So you want to graph #f(x)=-7(x-2)^2-9# using only the "important values." The first value we can find is the #vertex# of the graph, or the location where the instantaneous slope is 0. Essentially the highest or lowest point of the graph. Thankfully, your function is vertex form. This means it's represented in the form
#f(x)=a(x-h)^2+k#
Where the vertex is at #(h,k)#. So we can get the first point right off the bat. Your vertex is at #(2,-9)#. Keep note of how I wrote that function. By default, it's #(x-h)#, meaning the sign between them is the opposite sign of the #x# value in the vertex (i.e. Your function says #(x-2)#, which means the #x# value will be 2).

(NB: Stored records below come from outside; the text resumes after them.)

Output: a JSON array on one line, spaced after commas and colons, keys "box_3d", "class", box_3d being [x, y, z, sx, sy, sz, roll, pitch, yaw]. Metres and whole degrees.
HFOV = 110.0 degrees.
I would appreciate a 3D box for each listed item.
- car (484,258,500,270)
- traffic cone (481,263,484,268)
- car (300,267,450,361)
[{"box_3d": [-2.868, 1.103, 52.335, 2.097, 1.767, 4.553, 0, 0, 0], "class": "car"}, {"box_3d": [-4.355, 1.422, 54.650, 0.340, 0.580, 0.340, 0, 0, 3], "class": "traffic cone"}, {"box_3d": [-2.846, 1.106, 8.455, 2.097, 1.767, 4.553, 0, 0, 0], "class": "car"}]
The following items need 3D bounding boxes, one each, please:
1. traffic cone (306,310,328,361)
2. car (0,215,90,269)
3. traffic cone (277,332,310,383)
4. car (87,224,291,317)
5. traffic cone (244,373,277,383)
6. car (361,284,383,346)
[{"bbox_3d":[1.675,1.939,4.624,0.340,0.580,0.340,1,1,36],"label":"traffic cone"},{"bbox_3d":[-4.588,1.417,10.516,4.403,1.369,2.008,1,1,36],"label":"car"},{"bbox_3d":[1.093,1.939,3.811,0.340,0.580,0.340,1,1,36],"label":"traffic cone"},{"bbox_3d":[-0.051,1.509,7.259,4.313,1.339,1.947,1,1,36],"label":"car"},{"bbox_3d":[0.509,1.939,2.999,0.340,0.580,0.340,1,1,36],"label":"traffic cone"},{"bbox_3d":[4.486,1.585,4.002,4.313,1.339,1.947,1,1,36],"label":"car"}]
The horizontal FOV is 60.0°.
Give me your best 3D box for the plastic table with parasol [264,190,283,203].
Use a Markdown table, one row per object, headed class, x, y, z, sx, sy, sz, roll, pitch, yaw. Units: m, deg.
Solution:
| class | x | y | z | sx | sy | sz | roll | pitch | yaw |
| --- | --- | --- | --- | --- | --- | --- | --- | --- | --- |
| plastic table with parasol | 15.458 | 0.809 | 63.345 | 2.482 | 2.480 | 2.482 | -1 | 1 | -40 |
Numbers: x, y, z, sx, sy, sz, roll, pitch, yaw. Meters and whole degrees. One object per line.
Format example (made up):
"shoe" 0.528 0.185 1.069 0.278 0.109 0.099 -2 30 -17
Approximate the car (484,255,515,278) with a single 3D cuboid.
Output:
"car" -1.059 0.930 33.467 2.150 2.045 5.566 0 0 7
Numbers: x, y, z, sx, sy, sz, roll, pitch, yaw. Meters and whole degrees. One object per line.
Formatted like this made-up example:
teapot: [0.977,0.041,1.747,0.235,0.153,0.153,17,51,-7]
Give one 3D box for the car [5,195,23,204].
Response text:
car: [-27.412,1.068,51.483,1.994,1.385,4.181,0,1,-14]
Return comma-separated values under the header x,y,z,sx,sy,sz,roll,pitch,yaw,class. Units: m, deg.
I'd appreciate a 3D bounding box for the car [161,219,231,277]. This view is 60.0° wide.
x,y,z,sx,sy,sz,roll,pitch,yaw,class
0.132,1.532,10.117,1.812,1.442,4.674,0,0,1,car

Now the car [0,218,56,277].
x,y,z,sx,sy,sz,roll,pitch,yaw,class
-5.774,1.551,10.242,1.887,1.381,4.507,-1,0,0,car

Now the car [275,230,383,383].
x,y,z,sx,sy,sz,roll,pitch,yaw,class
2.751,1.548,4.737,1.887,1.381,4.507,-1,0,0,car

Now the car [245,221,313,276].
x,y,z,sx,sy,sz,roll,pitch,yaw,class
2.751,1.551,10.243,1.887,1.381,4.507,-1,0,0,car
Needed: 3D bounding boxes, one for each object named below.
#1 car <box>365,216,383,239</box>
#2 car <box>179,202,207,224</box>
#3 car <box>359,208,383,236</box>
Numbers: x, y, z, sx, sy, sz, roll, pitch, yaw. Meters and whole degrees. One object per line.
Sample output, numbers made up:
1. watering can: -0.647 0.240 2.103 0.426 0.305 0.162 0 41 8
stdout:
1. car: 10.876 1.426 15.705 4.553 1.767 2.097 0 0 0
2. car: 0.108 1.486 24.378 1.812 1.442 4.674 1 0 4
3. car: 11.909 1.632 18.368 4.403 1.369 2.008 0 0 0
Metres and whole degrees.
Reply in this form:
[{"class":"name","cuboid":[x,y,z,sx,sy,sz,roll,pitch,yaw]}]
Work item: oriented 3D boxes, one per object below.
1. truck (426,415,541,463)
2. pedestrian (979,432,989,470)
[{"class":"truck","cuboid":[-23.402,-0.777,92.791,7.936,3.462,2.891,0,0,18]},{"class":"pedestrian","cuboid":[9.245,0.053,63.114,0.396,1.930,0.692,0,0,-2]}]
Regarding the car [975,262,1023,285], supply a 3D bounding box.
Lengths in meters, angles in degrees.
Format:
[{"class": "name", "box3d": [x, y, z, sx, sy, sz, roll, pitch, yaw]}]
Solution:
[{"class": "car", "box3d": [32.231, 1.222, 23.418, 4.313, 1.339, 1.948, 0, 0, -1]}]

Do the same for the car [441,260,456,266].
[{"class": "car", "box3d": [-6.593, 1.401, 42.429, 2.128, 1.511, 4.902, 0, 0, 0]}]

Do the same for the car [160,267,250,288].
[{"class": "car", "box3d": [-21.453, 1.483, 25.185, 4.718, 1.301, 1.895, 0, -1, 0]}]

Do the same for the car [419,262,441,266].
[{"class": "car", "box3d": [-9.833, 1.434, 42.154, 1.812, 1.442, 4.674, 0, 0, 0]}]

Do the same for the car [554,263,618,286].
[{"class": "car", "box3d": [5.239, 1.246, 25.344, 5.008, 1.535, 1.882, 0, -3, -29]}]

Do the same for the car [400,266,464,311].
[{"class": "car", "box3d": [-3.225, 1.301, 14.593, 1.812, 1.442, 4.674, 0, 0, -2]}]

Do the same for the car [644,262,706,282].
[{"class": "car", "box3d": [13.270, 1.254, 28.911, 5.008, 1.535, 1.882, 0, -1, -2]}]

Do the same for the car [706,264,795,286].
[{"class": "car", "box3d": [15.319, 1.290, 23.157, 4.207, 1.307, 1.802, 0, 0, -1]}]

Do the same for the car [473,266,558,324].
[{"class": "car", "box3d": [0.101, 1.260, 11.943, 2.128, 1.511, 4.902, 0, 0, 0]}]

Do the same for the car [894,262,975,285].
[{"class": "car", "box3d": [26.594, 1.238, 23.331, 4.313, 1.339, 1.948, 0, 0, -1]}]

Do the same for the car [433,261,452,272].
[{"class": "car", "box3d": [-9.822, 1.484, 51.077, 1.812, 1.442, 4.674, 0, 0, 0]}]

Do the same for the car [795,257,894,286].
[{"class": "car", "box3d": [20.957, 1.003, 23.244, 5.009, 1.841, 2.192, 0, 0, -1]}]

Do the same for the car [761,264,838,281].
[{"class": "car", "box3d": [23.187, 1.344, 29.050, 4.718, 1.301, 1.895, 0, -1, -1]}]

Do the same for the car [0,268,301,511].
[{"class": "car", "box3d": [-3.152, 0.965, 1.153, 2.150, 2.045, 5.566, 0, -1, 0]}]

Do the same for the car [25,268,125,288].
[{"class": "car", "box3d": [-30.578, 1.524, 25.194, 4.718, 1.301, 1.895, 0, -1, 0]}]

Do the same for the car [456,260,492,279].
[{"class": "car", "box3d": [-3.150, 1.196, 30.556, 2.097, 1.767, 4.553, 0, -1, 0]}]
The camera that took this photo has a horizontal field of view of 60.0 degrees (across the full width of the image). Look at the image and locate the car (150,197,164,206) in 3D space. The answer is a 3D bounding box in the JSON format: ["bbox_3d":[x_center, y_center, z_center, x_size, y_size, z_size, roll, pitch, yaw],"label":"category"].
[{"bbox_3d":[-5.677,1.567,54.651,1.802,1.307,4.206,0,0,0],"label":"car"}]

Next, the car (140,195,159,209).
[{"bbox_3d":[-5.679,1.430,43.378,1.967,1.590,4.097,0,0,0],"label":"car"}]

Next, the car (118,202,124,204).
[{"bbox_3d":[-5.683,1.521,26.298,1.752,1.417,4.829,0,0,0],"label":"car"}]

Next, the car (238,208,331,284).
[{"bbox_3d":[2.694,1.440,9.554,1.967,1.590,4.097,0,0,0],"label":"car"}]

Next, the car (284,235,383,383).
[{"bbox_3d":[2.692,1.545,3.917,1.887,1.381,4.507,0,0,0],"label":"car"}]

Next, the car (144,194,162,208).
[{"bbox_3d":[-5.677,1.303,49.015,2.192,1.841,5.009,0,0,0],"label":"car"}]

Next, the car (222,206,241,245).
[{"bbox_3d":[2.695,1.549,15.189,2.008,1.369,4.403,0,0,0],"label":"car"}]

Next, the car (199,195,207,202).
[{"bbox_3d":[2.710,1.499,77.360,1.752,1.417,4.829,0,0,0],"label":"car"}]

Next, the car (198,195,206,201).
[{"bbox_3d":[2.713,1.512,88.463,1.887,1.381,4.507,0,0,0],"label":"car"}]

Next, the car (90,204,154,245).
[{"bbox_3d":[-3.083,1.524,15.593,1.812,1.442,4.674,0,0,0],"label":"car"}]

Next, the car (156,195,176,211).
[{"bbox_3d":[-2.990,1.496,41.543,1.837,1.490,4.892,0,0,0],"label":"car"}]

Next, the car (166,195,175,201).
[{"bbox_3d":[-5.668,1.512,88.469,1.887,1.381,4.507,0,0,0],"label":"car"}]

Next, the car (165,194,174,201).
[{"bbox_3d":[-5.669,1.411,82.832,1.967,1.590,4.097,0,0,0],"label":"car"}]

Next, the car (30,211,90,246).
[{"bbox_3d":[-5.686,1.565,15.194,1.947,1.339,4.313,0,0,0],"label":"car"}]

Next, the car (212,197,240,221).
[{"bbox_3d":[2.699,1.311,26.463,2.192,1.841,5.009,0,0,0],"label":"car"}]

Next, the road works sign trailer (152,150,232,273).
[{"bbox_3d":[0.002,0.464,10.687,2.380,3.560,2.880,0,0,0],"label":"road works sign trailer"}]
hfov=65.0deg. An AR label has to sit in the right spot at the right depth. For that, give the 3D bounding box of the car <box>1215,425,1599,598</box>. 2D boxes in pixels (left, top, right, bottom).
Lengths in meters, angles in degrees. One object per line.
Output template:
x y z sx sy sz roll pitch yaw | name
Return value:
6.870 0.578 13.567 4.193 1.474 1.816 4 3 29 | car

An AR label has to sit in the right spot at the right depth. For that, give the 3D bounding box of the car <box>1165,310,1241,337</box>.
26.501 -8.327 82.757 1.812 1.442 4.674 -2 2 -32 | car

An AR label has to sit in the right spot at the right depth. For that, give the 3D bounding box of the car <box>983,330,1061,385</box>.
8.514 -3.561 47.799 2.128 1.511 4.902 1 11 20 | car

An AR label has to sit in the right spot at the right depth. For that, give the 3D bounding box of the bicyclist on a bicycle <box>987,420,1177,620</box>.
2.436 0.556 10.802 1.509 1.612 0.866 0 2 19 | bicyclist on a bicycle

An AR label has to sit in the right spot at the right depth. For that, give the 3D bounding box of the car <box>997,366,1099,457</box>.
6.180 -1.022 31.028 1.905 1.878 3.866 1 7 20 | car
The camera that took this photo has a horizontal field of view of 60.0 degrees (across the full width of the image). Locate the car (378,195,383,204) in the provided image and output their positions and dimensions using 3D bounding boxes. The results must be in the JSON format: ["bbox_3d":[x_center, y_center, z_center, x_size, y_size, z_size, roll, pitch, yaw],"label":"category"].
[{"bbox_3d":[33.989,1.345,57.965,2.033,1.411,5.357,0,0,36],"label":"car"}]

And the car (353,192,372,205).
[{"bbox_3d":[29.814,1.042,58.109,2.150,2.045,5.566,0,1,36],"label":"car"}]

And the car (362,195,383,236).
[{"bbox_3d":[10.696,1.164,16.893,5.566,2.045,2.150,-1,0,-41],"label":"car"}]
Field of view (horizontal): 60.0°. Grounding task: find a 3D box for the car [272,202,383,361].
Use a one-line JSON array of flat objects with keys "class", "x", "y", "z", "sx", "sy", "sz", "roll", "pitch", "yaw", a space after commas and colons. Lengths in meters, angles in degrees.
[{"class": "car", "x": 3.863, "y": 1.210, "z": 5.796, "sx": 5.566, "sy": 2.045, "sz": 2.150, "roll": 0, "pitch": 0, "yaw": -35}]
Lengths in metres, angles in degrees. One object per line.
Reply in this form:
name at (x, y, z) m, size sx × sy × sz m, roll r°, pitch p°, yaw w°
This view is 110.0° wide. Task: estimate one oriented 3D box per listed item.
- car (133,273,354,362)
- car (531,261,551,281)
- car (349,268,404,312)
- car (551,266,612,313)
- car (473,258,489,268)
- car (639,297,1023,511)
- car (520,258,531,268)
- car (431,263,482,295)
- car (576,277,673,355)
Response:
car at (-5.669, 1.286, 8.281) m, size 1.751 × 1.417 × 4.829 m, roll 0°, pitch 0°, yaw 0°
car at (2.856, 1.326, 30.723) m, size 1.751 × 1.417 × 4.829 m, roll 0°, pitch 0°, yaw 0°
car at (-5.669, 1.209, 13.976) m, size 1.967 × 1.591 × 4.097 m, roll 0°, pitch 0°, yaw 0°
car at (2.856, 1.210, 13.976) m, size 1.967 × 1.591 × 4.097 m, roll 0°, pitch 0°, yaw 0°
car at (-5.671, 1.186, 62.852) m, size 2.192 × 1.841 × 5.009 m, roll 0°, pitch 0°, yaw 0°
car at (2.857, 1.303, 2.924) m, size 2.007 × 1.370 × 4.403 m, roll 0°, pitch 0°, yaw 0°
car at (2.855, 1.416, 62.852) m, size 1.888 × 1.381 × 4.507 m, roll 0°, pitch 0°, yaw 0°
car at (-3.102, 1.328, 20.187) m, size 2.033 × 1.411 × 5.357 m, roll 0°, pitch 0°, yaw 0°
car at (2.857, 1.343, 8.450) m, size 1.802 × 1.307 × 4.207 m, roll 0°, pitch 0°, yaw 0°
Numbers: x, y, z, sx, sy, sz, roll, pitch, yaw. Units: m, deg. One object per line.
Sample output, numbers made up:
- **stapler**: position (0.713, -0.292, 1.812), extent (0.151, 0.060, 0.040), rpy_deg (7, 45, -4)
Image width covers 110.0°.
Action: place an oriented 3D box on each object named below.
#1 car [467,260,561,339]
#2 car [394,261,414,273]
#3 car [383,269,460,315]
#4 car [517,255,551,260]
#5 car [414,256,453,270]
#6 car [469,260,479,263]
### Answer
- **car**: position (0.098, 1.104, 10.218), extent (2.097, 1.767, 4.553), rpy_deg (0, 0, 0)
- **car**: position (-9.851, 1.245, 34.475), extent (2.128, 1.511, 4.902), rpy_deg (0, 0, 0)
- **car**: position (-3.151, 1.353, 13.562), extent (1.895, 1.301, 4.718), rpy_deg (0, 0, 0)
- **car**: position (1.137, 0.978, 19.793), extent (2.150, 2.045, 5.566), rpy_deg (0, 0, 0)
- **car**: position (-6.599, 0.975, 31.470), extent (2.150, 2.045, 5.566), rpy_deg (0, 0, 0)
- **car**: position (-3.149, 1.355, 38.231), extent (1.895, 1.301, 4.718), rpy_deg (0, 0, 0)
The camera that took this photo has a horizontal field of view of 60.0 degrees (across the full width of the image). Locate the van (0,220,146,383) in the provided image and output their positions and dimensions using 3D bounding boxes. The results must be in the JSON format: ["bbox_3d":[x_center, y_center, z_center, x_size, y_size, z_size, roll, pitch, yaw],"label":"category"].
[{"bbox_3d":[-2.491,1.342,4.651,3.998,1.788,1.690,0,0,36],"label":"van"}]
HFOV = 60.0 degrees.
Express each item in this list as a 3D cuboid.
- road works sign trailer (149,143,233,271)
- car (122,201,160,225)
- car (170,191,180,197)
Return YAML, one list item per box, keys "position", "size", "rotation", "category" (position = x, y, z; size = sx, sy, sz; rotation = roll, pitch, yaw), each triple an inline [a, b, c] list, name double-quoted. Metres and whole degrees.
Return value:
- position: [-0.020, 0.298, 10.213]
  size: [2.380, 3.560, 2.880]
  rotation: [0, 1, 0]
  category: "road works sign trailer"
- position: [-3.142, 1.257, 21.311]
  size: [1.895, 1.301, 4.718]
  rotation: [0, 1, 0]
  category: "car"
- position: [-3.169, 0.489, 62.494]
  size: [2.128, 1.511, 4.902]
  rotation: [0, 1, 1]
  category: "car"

Now, we just need two more points. If the function actually had zeroes, I would use those. But we don't have zeroes, as evidenced by the graph above, as well as the fact the graph opens downwards (#a# is negative) and the vertex is below the #x# axis (#k# is negative). Therefore, we need two other values. The next best value to use would be the #y#-intercept. This can be found by plugging in 0 for #x#.
#-7(x-2)^2-9#
#=-7(0-2)^2-9#
#=-7(-2)^2-9#
#=-7(4)-9#
#=-28-9#
#=-37#
While we know the vertex's position is at #(2,-9)# and the #y#-intercept is at #(0,-37)#, we still need one more point. I'm going for the point on the opposite side of the graph compared to the #y#-intercept. Essentially, the #x# distance from the #y#-intercept to the vertex is 2. Therefore, adding two to the #x# of the vertex will give us the position of our other point at (4,-37). Finally, we can connect these lines to give us the final graph.
graph{-7(x-2)^2-9 [-3, 5, -75, 1]}
Though generally, we want to have the greatest number of important values we can: The roots (zeros), the vertex, and the #y#-intercept.